Much of this trip I have spent in my own company and mostly quite happily. I think this is an extraordinary achievement for a self professed extrovert! Being on my own so much has allowed me to do as I please and follow my feelings. It has given me the time and space for writing and drawing. It has been a kind of coming home to myself, the self that loves to be in the creative space, the meditative space, the space where I dream….
Of course I would be lying, if I didn’t also say that being on my own has also sometimes been a lonely space. Being alone can and does bring up quite a confusion of feelings for me. It has always been my biggest fear. I have never known who I was without people around me to reflect back to me who I thought I was. This might seem a confusing statement but that’s because I’ve spent so much of my life feeling confused about who I am! I have realized that I have spent my whole life seeking the approval of others in order to know who I am. I have also been an extraordinarily adept people pleaser. I learnt very early on in my life that if I did what people asked of me, I would gain their approval and hopefully their love. I also experienced, that if I did something that I wanted to do just for myself, that it was often and somehow experienced by the other, as me being selfish. Any wonder I have suffered in confusion and had low self esteem! I do not say any of this with blame as it has been my valuable path of learning.
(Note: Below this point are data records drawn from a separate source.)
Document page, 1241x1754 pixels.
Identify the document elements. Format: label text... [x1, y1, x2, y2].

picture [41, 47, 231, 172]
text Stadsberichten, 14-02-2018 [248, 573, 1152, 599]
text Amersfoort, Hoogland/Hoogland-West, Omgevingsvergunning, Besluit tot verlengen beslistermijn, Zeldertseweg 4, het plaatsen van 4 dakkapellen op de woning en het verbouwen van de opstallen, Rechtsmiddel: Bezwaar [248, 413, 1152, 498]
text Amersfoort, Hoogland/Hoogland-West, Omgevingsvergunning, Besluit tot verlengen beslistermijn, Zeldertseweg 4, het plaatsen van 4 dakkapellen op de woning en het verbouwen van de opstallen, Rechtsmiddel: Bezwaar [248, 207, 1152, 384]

I am contemplating this right now because I have spent the majority of the past 10 days being with people. It has been a valuable contrast! I have observed myself enthusiastically launch into my chattering self, telling stories, joking, laughing. My energy levels rise, there is a certain feeling of relief and I feel happy. Ahh yes, I’m still an extrovert! Maybe…. several times I have found myself longing for some quiet, some time on my own, some space to go and draw or write…. the pressure real or imagined is there though, to be interacting with these lovely people I am sharing time with. I have had the privacy of a room of my own but truth be known I have only used that space for sleep and slept I have. My body has needed quite a bit of extra rest and I have allowed it.
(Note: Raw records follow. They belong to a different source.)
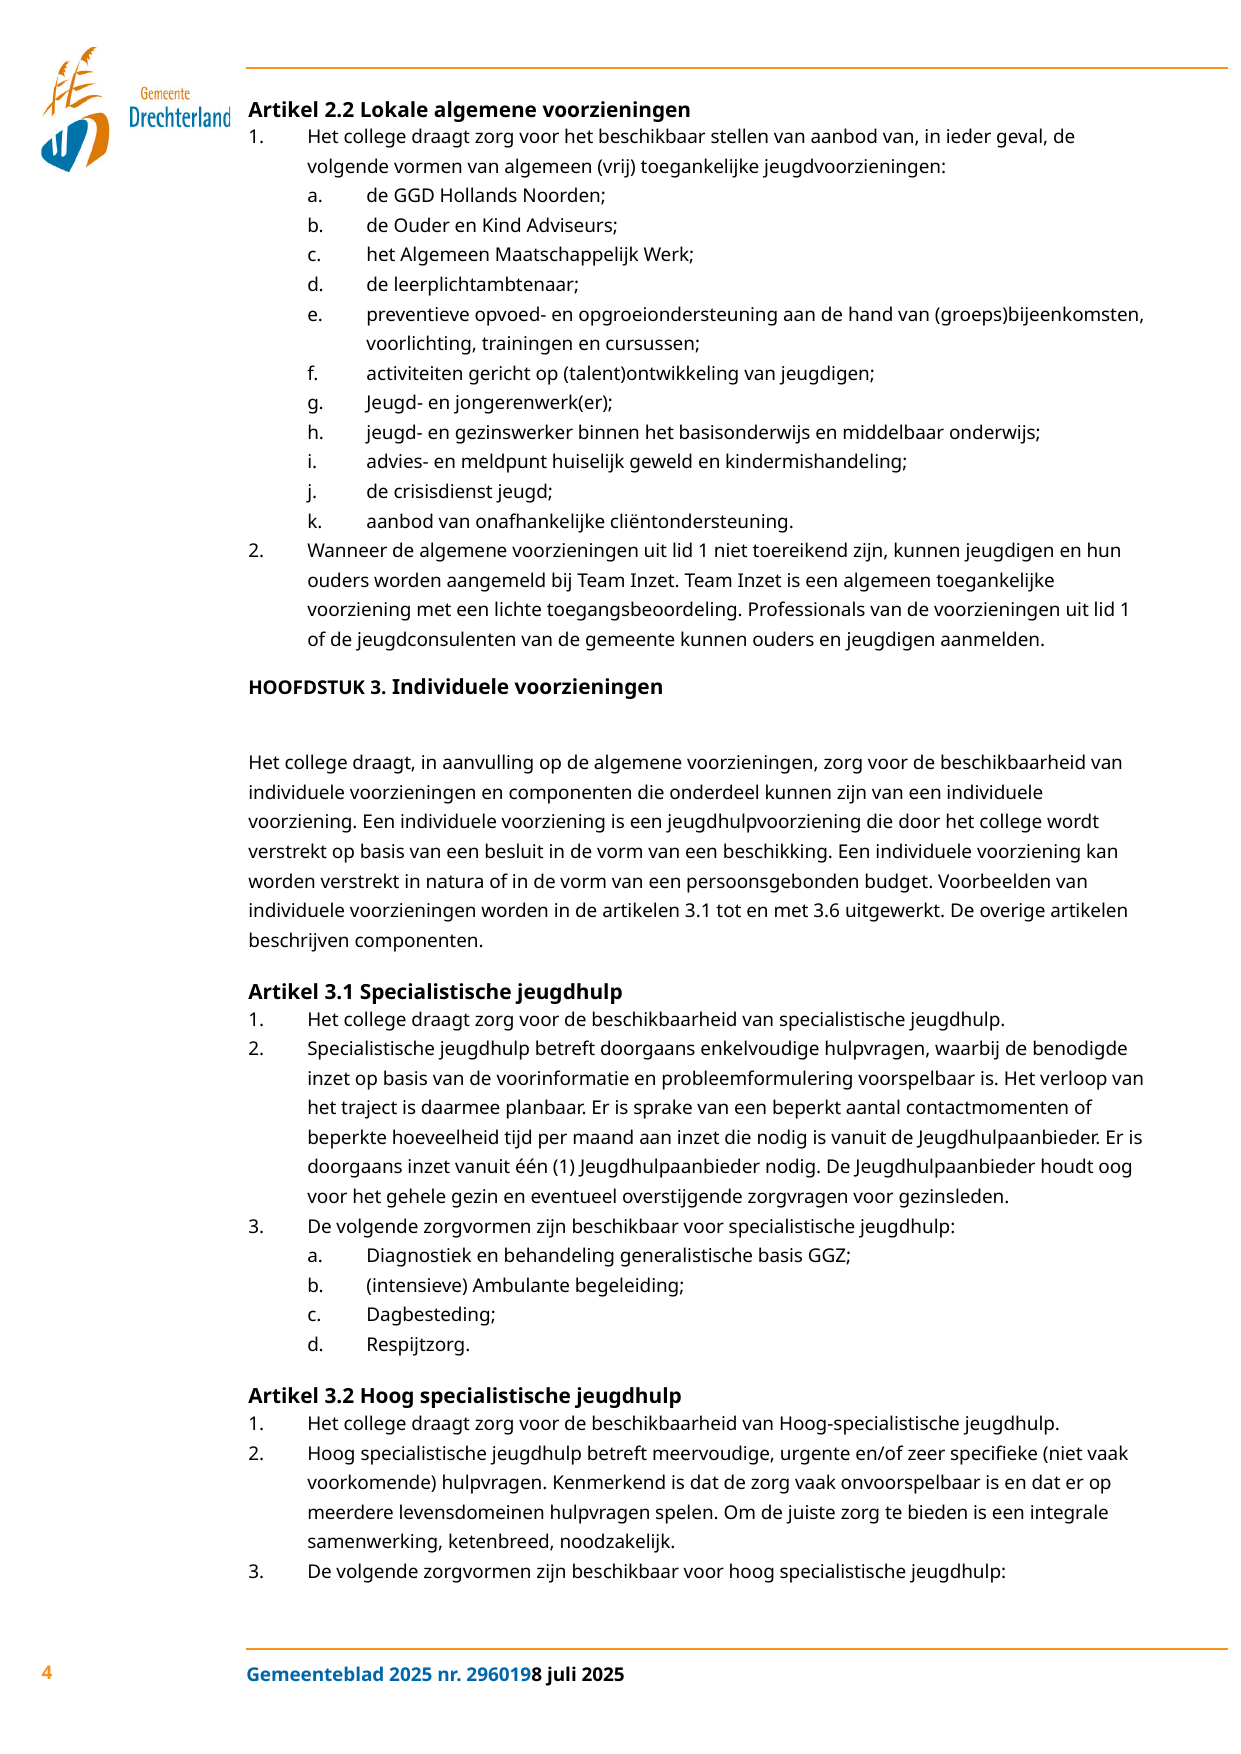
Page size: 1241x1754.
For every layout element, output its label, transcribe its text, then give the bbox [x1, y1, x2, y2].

list advies- en meldpunt huiselijk geweld en kindermishandeling; [307, 449, 1152, 474]
picture [41, 47, 231, 172]
text Artikel 3.2 Hoog specialistische jeugdhulp [248, 1382, 1152, 1410]
list Respijtzorg. [307, 1331, 1152, 1357]
list de Ouder en Kind Adviseurs; [307, 212, 1152, 238]
list de crisisdienst jeugd; [307, 478, 1152, 504]
list het Algemeen Maatschappelijk Werk; [307, 242, 1152, 267]
text Het college draagt, in aanvulling op de algemene voorzieningen, zorg voor de beschikbaarheid van individuele voorzieningen en componenten die onderdeel kunnen zijn van een individuele voorziening. Een individuele voorziening is een jeugdhulpvoorziening die door het college wordt verstrekt op basis van een besluit in de vorm van een beschikking. Een individuele voorziening kan worden verstrekt in natura of in de vorm van een persoonsgebonden budget. Voorbeelden van individuele voorzieningen worden in de artikelen 3.1 tot en met 3.6 uitgewerkt. De overige artikelen beschrijven componenten. [248, 749, 1152, 953]
list Wanneer de algemene voorzieningen uit lid 1 niet toereikend zijn, kunnen jeugdigen en hun ouders worden aangemeld bij Team Inzet. Team Inzet is een algemeen toegankelijke voorziening met een lichte toegangsbeoordeling. Professionals van de voorzieningen uit lid 1 of de jeugdconsulenten van de gemeente kunnen ouders en jeugdigen aanmelden. [248, 537, 1152, 652]
list Hoog specialistische jeugdhulp betreft meervoudige, urgente en/of zeer specifieke (niet vaak voorkomende) hulpvragen. Kenmerkend is dat de zorg vaak onvoorspelbaar is en dat er op meerdere levensdomeinen hulpvragen spelen. Om de juiste zorg te bieden is een integrale samenwerking, ketenbreed, noodzakelijk. [248, 1440, 1152, 1554]
list (intensieve) Ambulante begeleiding; [307, 1272, 1152, 1298]
text Artikel 3.1 Specialistische jeugdhulp [248, 977, 1152, 1006]
list de GGD Hollands Noorden; [307, 182, 1152, 208]
list jeugd- en gezinswerker binnen het basisonderwijs en middelbaar onderwijs; [307, 419, 1152, 445]
text HOOFDSTUK 3. Individuele voorzieningen [248, 672, 1152, 700]
text Artikel 2.2 Lokale algemene voorzieningen [248, 95, 1152, 123]
picture [226, 115, 231, 124]
list De volgende zorgvormen zijn beschikbaar voor hoog specialistische jeugdhulp: [248, 1558, 1152, 1584]
list Het college draagt zorg voor het beschikbaar stellen van aanbod van, in ieder geval, de volgende vormen van algemeen (vrij) toegankelijke jeugdvoorzieningen: [248, 123, 1152, 178]
list Specialistische jeugdhulp betreft doorgaans enkelvoudige hulpvragen, waarbij de benodigde inzet op basis van de voorinformatie en probleemformulering voorspelbaar is. Het verloop van het traject is daarmee planbaar. Er is sprake van een beperkt aantal contactmomenten of beperkte hoeveelheid tijd per maand aan inzet die nodig is vanuit de Jeugdhulpaanbieder. Er is doorgaans inzet vanuit één (1) Jeugdhulpaanbieder nodig. De Jeugdhulpaanbieder houdt oog voor het gehele gezin en eventueel overstijgende zorgvragen voor gezinsleden. [248, 1035, 1152, 1209]
list Het college draagt zorg voor de beschikbaarheid van specialistische jeugdhulp. [248, 1006, 1152, 1032]
list activiteiten gericht op (talent)ontwikkeling van jeugdigen; [307, 360, 1152, 386]
list aanbod van onafhankelijke cliëntondersteuning. [307, 508, 1152, 533]
picture [41, 158, 64, 172]
list de leerplichtambtenaar; [307, 271, 1152, 297]
list Dagbesteding; [307, 1302, 1152, 1327]
list preventieve opvoed- en opgroeiondersteuning aan de hand van (groeps)bijeenkomsten, voorlichting, trainingen en cursussen; [307, 301, 1152, 356]
list De volgende zorgvormen zijn beschikbaar voor specialistische jeugdhulp: [248, 1213, 1152, 1239]
list Diagnostiek en behandeling generalistische basis GGZ; [307, 1242, 1152, 1268]
list Jeugd- en jongerenwerk(er); [307, 389, 1152, 415]
list Het college draagt zorg voor de beschikbaarheid van Hoog-specialistische jeugdhulp. [248, 1410, 1152, 1436]

Interesting how attached we can get to the labels we give ourselves isn’t it? This trip has been a surprising release of many of those labels I had for myself. It has actually been fun to step outside those labels and allow experiences that I might not have in the past. This week alone I have done two things I would normally have said were not “my cup of tea.”
Firstly, I went to a live Rugby match. I could give you a thousand reasons why I wouldnt want to go to a rugby match, all valid and reasonable I think – too cold to sit outside, I think the game is too violent, I don’t know the rules or understand the point of the game, I could think of better things to do with my time, I don’t like watching sport…. However, my wonderful friend Les, is absolutely passionate about Rugby. He’s played it, he referees it, he coaches it, his sons all play it, and he is a life long supporter of a team. So I went to his team’s game and caught just a bit of his passion. He explained the rules, though I still don’t get them, but I enjoyed the game anyway. I enjoyed the atmosphere, the enthusiastic cheering around me (which I eventually joined in with) and the colour and spectacle of it all! Most of all, I enjoyed seeing how much Les was enjoying himself.
The second thing I did which I have never done before was play a Fifa soccer game on the Playstation with Les’s youngest, 7yr old Thomas. What beautiful patience he displayed explaining to me first of all how to use the controller and secondly how to play the game. “I’ll go easy on you” he soothed me when I told him I didn’t have a clue what to do! What fun I had trying to coordinate my eyes and hands and manipulate the controller and how I giggled and squealed! “I was rubbish” at it, as they say in this family but what did that matter?
I would do both of those things again not because I am suddenly a convert to Rugby or playstation games but because I had fun. If I’d stayed attached to any preconceived notions about what is and what isn’t “my cup of tea” and any labels about myself then I might’ve missed out on not only my own pleasure but the other person’s pleasure. This was not just another experience of me people pleasing but a genuine and equal interaction. I don’t think I believe in labels anymore…
This trip has been a blessing of so many kinds and has allowed me to learn much about myself. And its not even over yet! I have been busy these last few days researching and planning my last few weeks and I am excited to say that despite the encroaching cold weather I am going to do a road trip in Ireland! First though, I must go and buy a warm coat!